Another summer, another High Point Market successfully completed. With Market drawing thousands of guests to High Point, the event provides economic support and growth for our city’s businesses (after all, Market guests want to enjoy all of the incredible eats, drinks, and shops that we all get to enjoy all year long!). But bringing 75,000 people to High Point and hosting a trade show that spans 180 buildings in our city is no easy feat. We’ve shared in the past how much the City of High Point has to rally together to make Market happen smoothly each year – but this year we looked specifically at the safety precautions and emergency preparedness that goes into keeping Market guests and High Point citizens safe during one of the state’s largest events of the year.
And if you asked Captain Mark Lane, captain of the High Point Police Department, one of the key facets in making High Point Market happen so safely, he’d say, “relationships.”

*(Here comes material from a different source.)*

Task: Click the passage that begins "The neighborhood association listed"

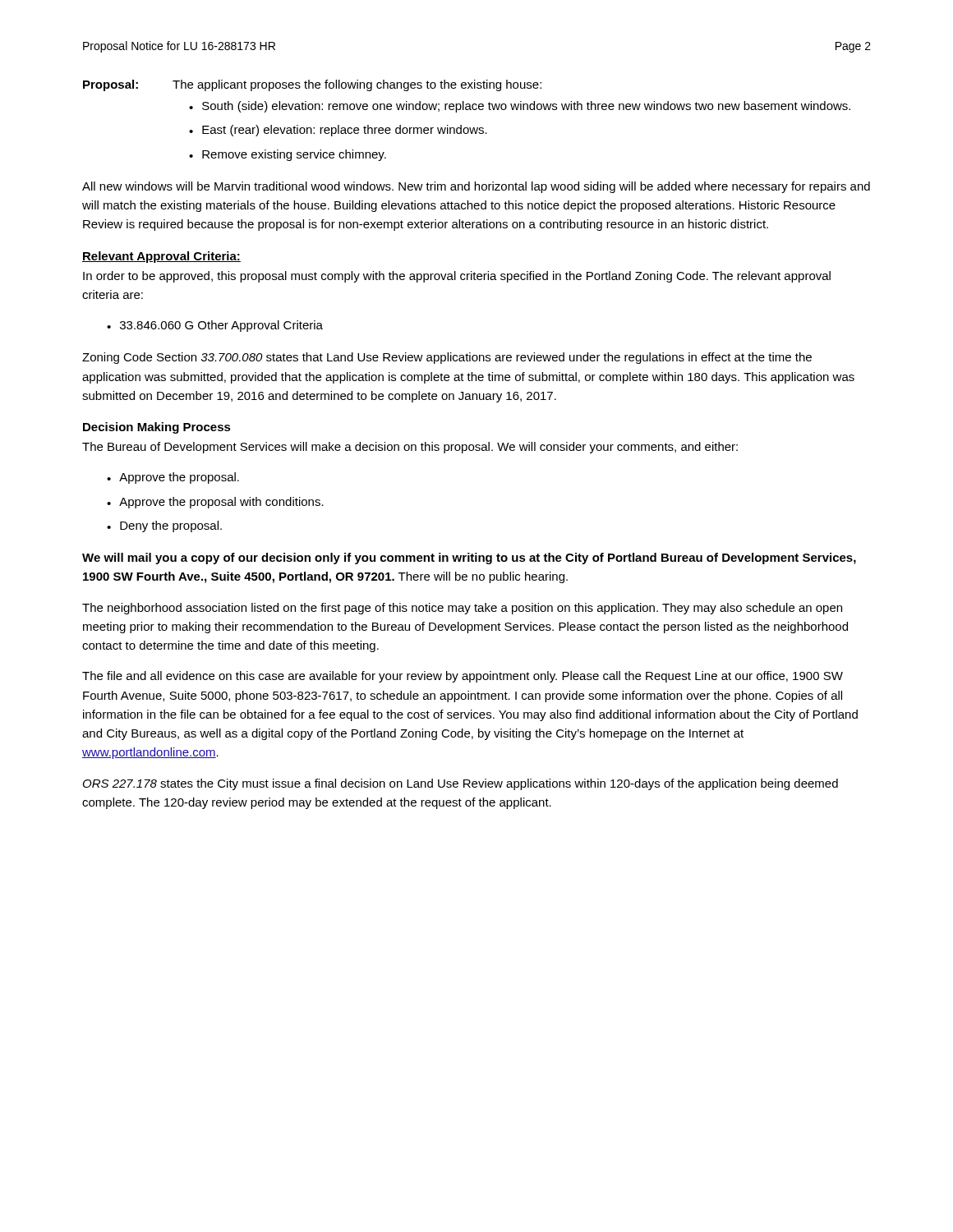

Captain Lane has been helping to make sure Market happens safely for years now, implementing a variety of procedures, taskforces, and plans. He points out to a layer of trust between each High Point team – High Point Market Authority, High Point Police Department, High Point Fire Department, the Department of Transporation, and more – as the key to making those plans and procedures run correctly. Each team in our city stands unified in providing expertise in each of their respective fields and stepping back to let other teams lead when needed.

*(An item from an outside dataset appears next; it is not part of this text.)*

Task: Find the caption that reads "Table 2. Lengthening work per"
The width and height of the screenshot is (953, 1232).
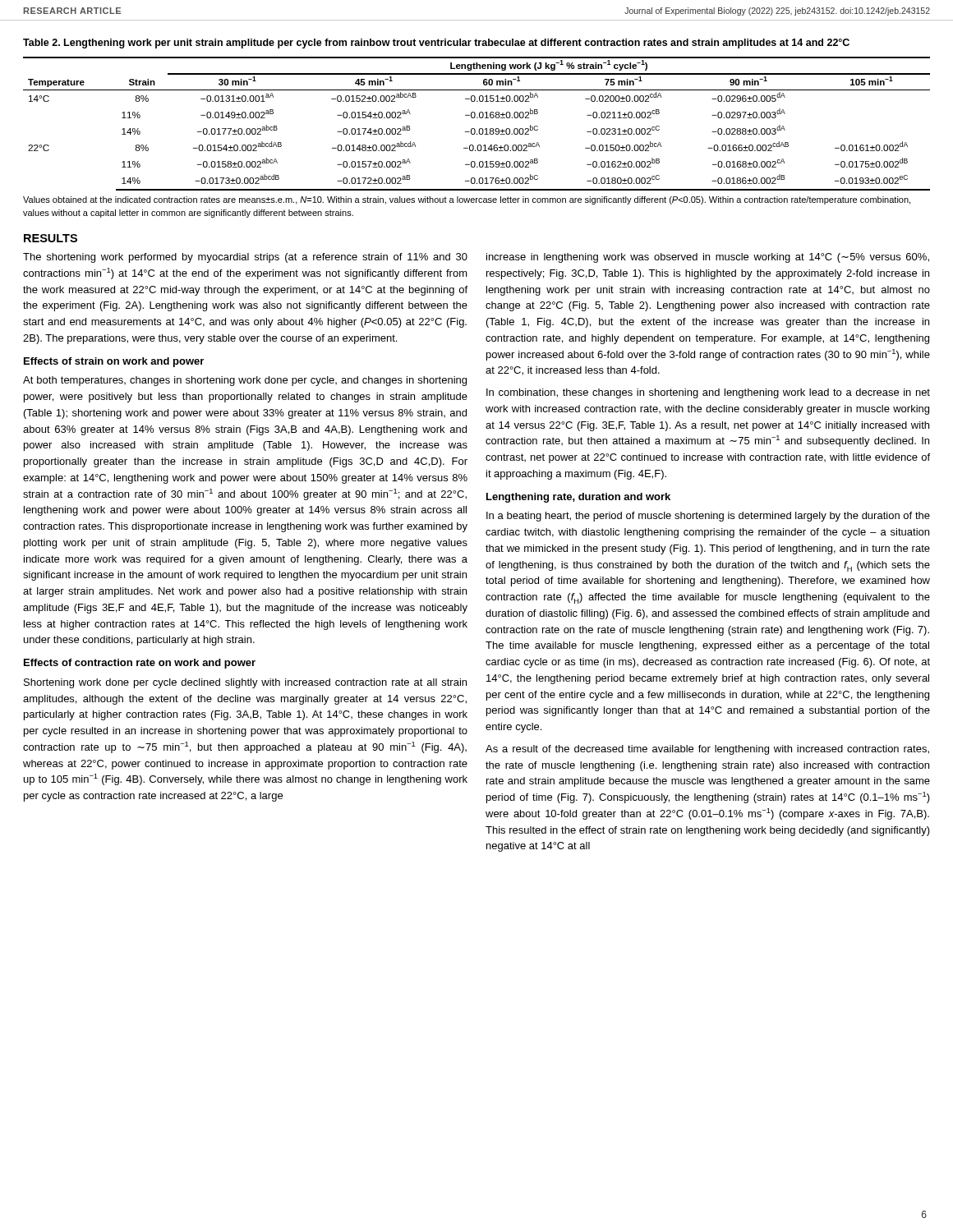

“Through the course of developing those relationships across the city, you know who needs to do what,” he explains. “There are definite plans in place, steps in place, and processes we follow, but relationships are a big part of it.”
James Vervaecke, HPPD Special Projects Coordinator, agrees that the collaboration that happens across High Point’s teams is what makes this and other events in the city so successful.

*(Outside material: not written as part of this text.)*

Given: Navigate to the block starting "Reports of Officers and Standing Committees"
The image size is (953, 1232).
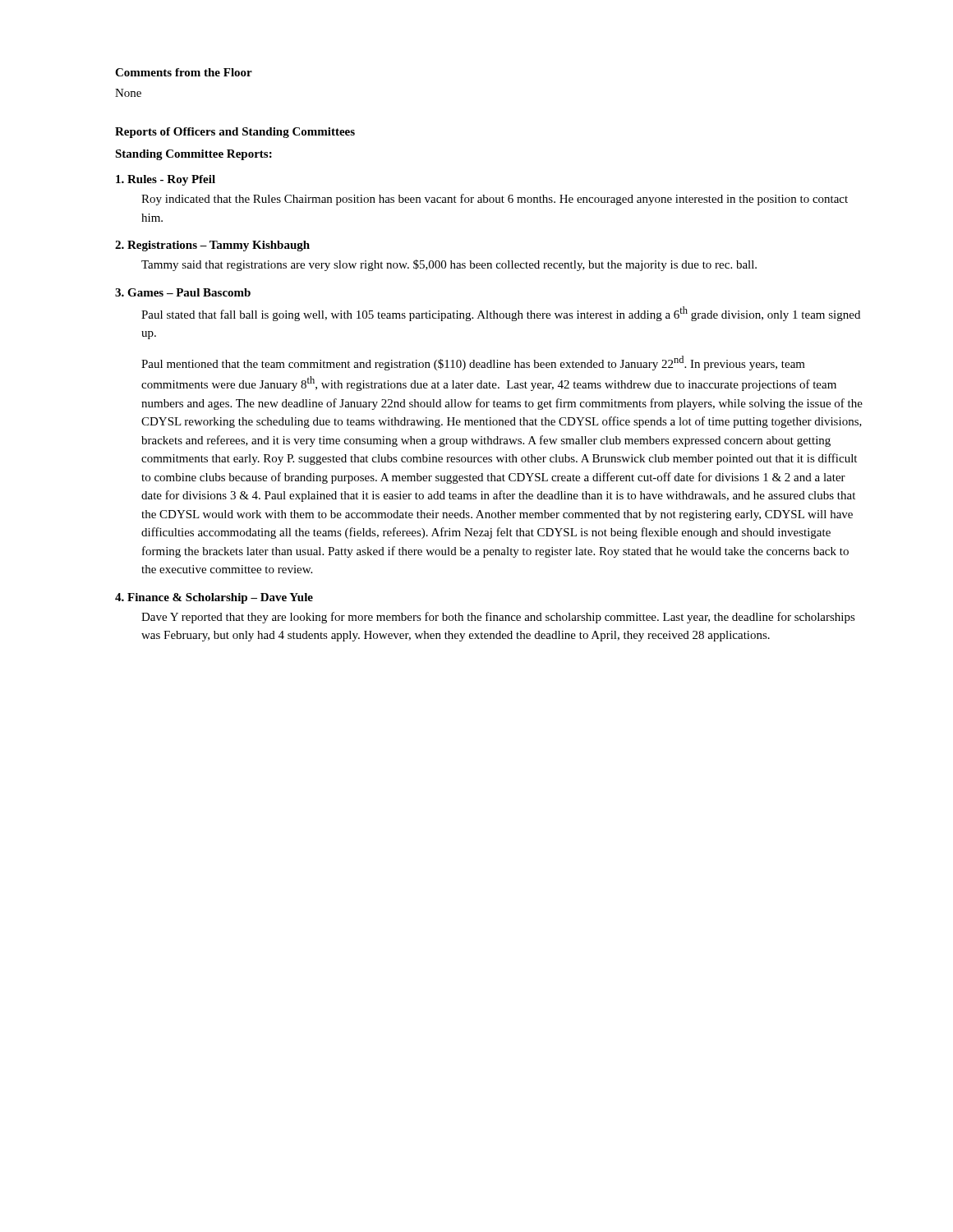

“We have a unified command with representatives from most major departments,” James explains. He adds that when issues arise, the teams are quick to let the right branch of the city take the lead, rather than try to force their own agendas. “Whoever is in the lead, takes the lead, and other partners assist in any way possible. It makes it really proficient and efficient when we work together during Market.”
Perry Hall, Batallion Chief at the High Point Fire Department and Emergency Manager for the City of High Point, adds that the level of coordination that has to take place for an event the size of Market happens on the state, city, and local level. And the teams have to be ready to face emergencies of all kinds – from gas leaks to freak storms, to external threats, to current events.
Tammy Nagem, Chief Operating Officer at High Point Market Authority adds just how much preparedness takes place in the realm of weather.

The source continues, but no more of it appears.